Как рассказала Савельева, Аня – фамилия её была Зевакина – дома непрерывно поёт-напевает, в церковном хоре церкви Иоанна Предтечи, что у Никитских ворот, первым голосом поёт. Её там все знают и нарочно ходят слушать. Любой распев, любую песню схватывает и запоминает навсегда. И слова так же схватывает и запоминает. И Ивановы песни ей уж давно безумно нравятся, и она уж давным-давно спрашивала всех отцовых приятелей, всех знакомых, не знают ли они этого сыщика Каина, не могли бы устроить как-нибудь, чтоб услышать пение его самого, а не повторщиков-перепевщиков. Вот они, Жеребцова и Савельева, и устроили наконец, к великой для всех радости.
– Да! – выдохнула она.
– Да! – сказал он.
А остальные покивали.
Потом, когда стало смеркаться и зажгли свечи, они ушли наверх в ту светлицу, и он научил её ещё трём своим песням: «Уж как полно, моя сударушка», «Ты рябинушка, ты кудрявая» и озорной весёлой, певшейся молитвенным распевом: «Всякому зло-мука в монастыре жить, не малая скука чернецом-то слыть». Она заливисто смеялась и пела.
И у него даже мысли не появилось тронуть её.
XX
С месяц они встречались довольно часто, через три, четыре дня обязательно. Последний раз даже не у Савельевой, а в Ивановом доме, потому что он рассказал о ней Арине и та упросила привести её, чтобы тоже послушать. И Анна так обрадовалась этому, так, оказывается, сама хотела напроситься в гости, чтобы увидеть, как он живёт и какова его жена, и они с Ариной так понравились друг другу, что Арина подарила ей перед расставаньем свою соболью шапку, которая, слава Богу, пришлась впору, и монисто из разводистых зелёных сердоликов, которые как будто и сделаны-то были специально под её глаза – сразу с ними заперекликались, и она по-детски простодушно и восторженно залюбовалась собой в зеркале, так стала поворачиваться, вскидывать вверх остренький подбородок и поправлять на висках русые волоски, что Арина, радостно улыбаясь с повлажневшими глазами, тоже восхищённо залюбовалась ею.
Странное дело: в ней всё было и несоразмеренно и, кроме глаз, довольно неказисто – слишком тонкая фигура, слишком узкие руки и даже лицо, – и всё-таки Иван без конца ловил себя на том, что тоже постоянно любовался ею и всё время видел, ощущал за этой неказистостью что-то такое же бесценное и огромное, и необходимое ему и всем людям вообще, как её бездонный голос и бездонные зелёные глаза в поллица.
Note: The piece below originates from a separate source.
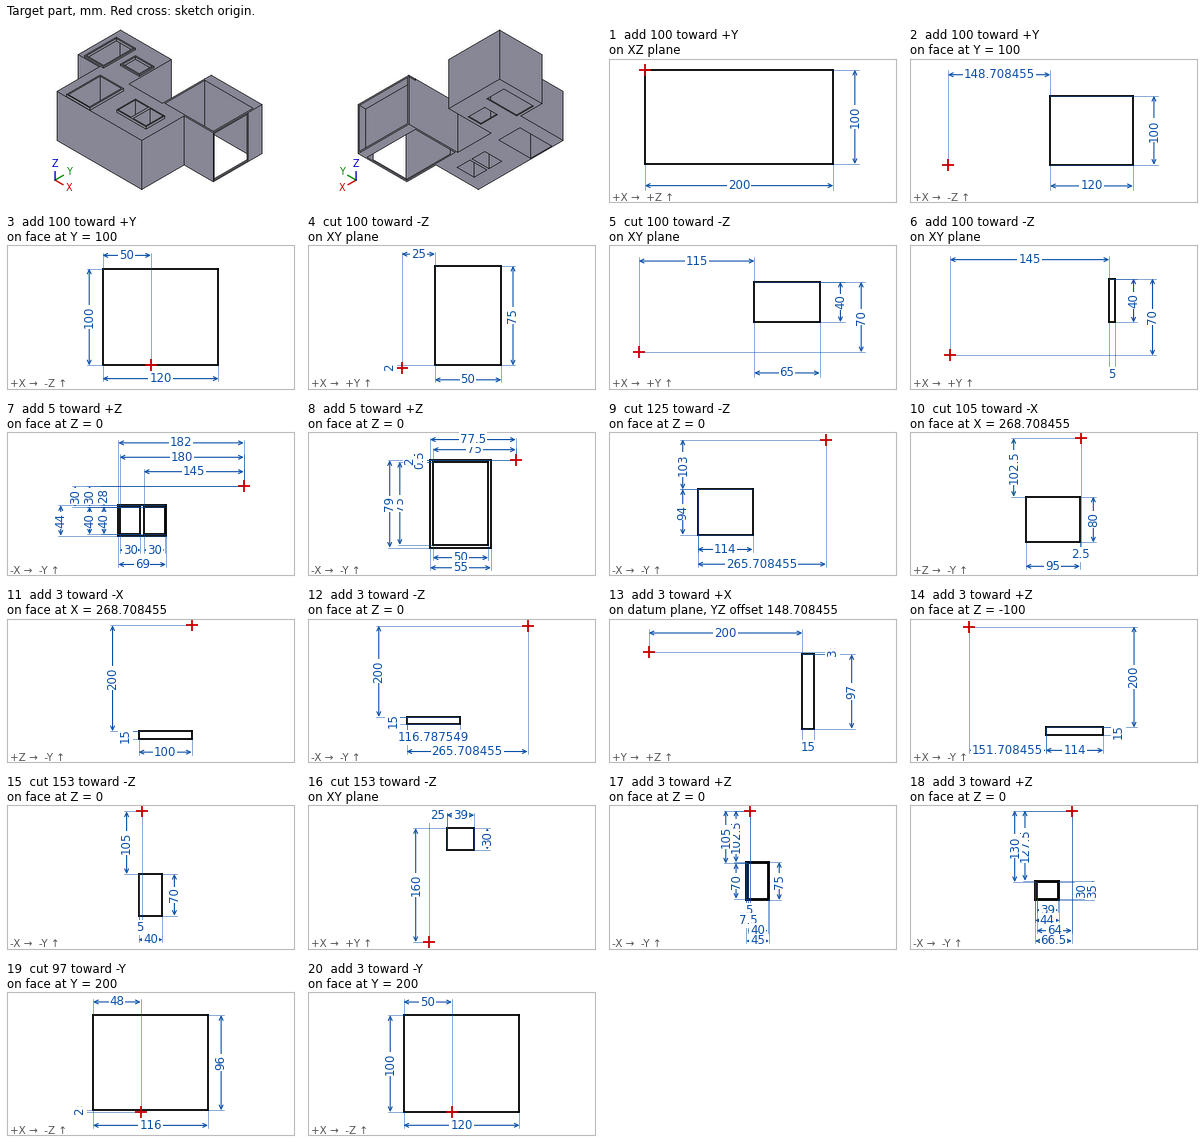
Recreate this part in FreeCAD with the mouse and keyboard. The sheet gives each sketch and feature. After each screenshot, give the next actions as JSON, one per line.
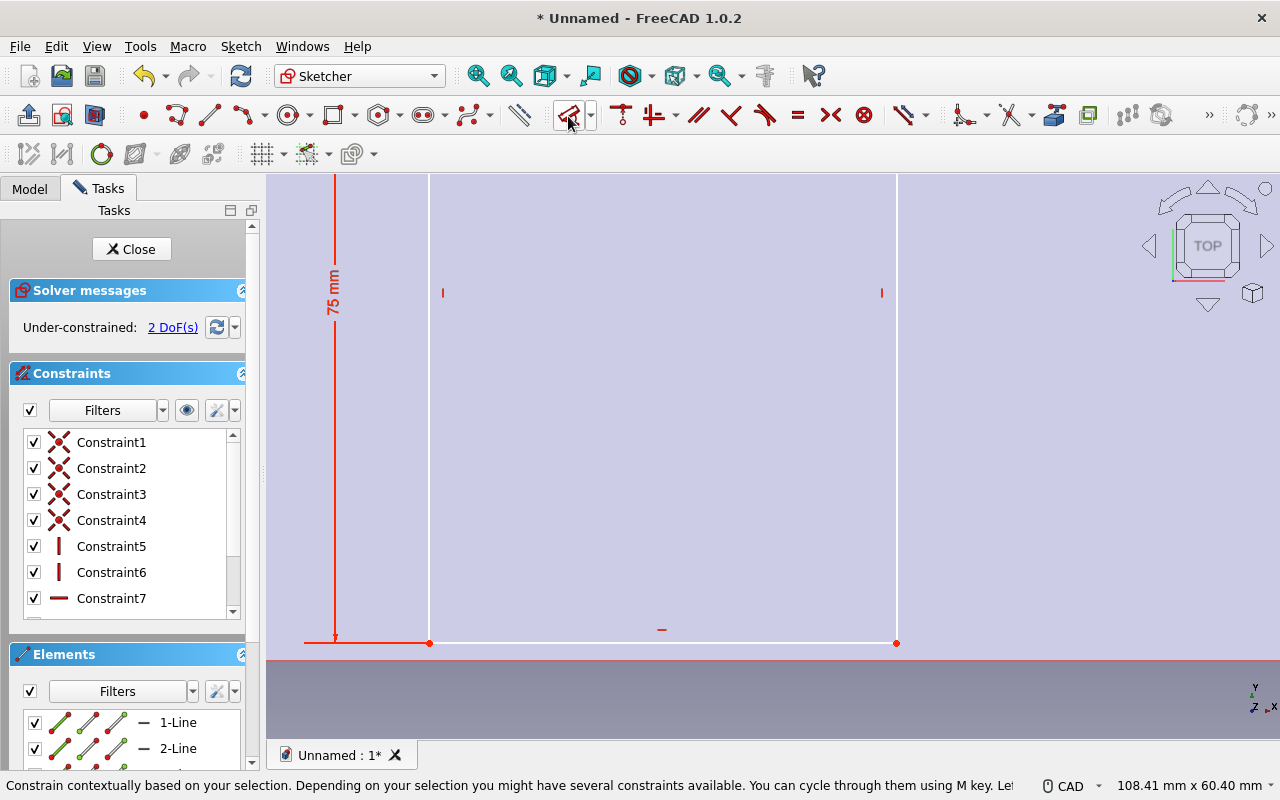
{"action": "scroll", "coordinate": [429, 643], "scroll_direction": "up", "scroll_amount": 4}

Она разучила его песни все до единой и некоторые пробовала петь и одна, и он совершенно не узнавал их, и они ему очень нравились, были куда мягче, душевней, красивей, чем у него, но когда надо и такие же надрывные, трепетные, только по-бабьи, конечно, даже пронзительней иногда. И лишь ярости в некоторых не хватало, злобы истинной. Но это ничего, всё равно сильно радовался, что теперь через неё песни его пойдут ещё шире.
И уж без пения с ней вдвоём и обходиться не мог; ждал, когда придёт, как парнем ждал первых девок и баб – всё кипело и клокотало внутри.
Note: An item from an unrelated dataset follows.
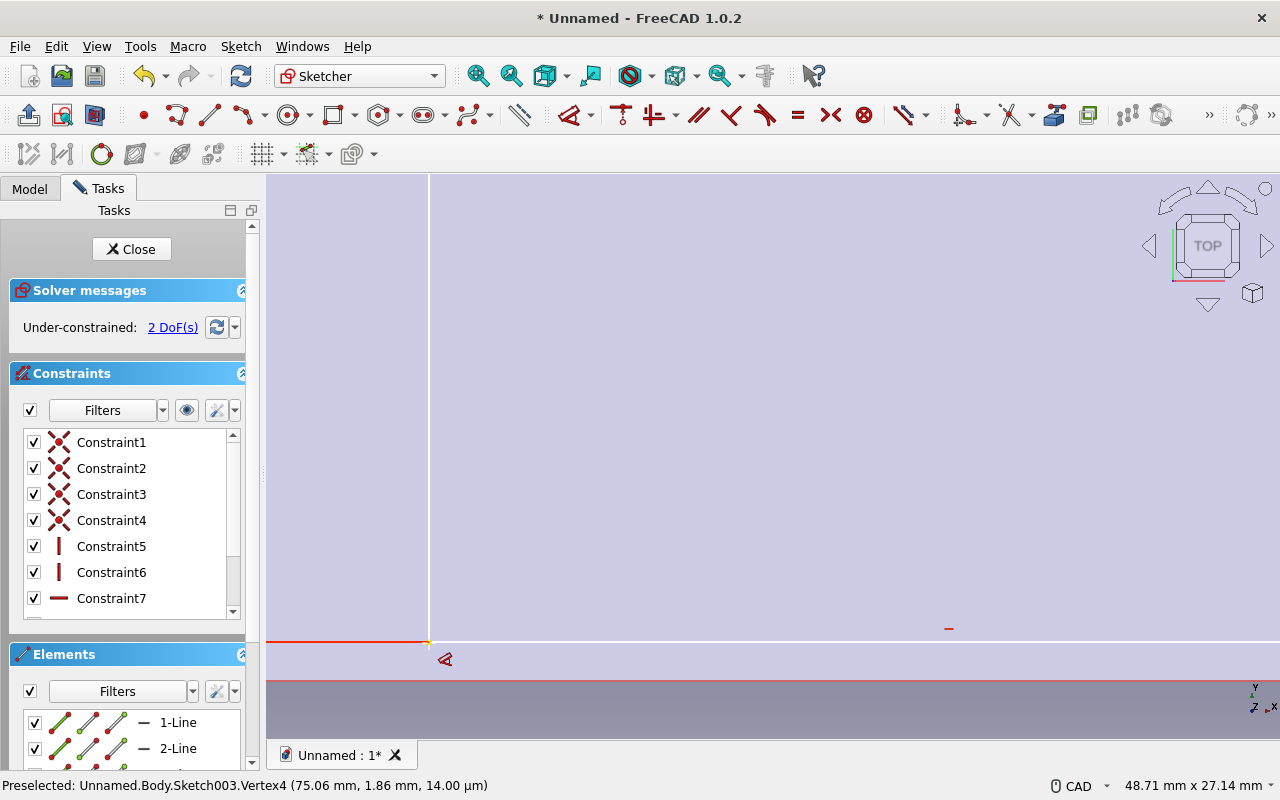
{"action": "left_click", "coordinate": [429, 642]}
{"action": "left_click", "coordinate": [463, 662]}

Арина, конечно, тоже онемела, услышав их обоих, даже и не опустилась, как обычно, ни на что, каменным столбом стояла. Лишь потом опустилась.
А когда Анна ещё и духовные стихи стала петь, тихо заплакала и плакала, пока та не кончила.
А через месяц отец Анны, солдат Коломенского полка Фёдор Тарасов Зевакин, прознав, куда ходит его дочь и с кем именно спелась, запретил ей это накрепко. И они стали видеться лишь урывками, без всякого пения. И Иван затосковал, заметался и завыл душой – не мог уже без неё, полюбил безумно, но не той любовью, какой любил прежде, а совсем иной, неведомой ему; не бабу, не девку любил, а человека, с которым ему было очень, очень хорошо и без которого стало очень и очень плохо, невыносимо.
Он так ни разу её и не тронул, хотя обнимал, целовал в щёки, когда приходила, дарил серьги с изумрудами, колечко золотое, душегрею подарил парчовую, по синему полю шитую серебром.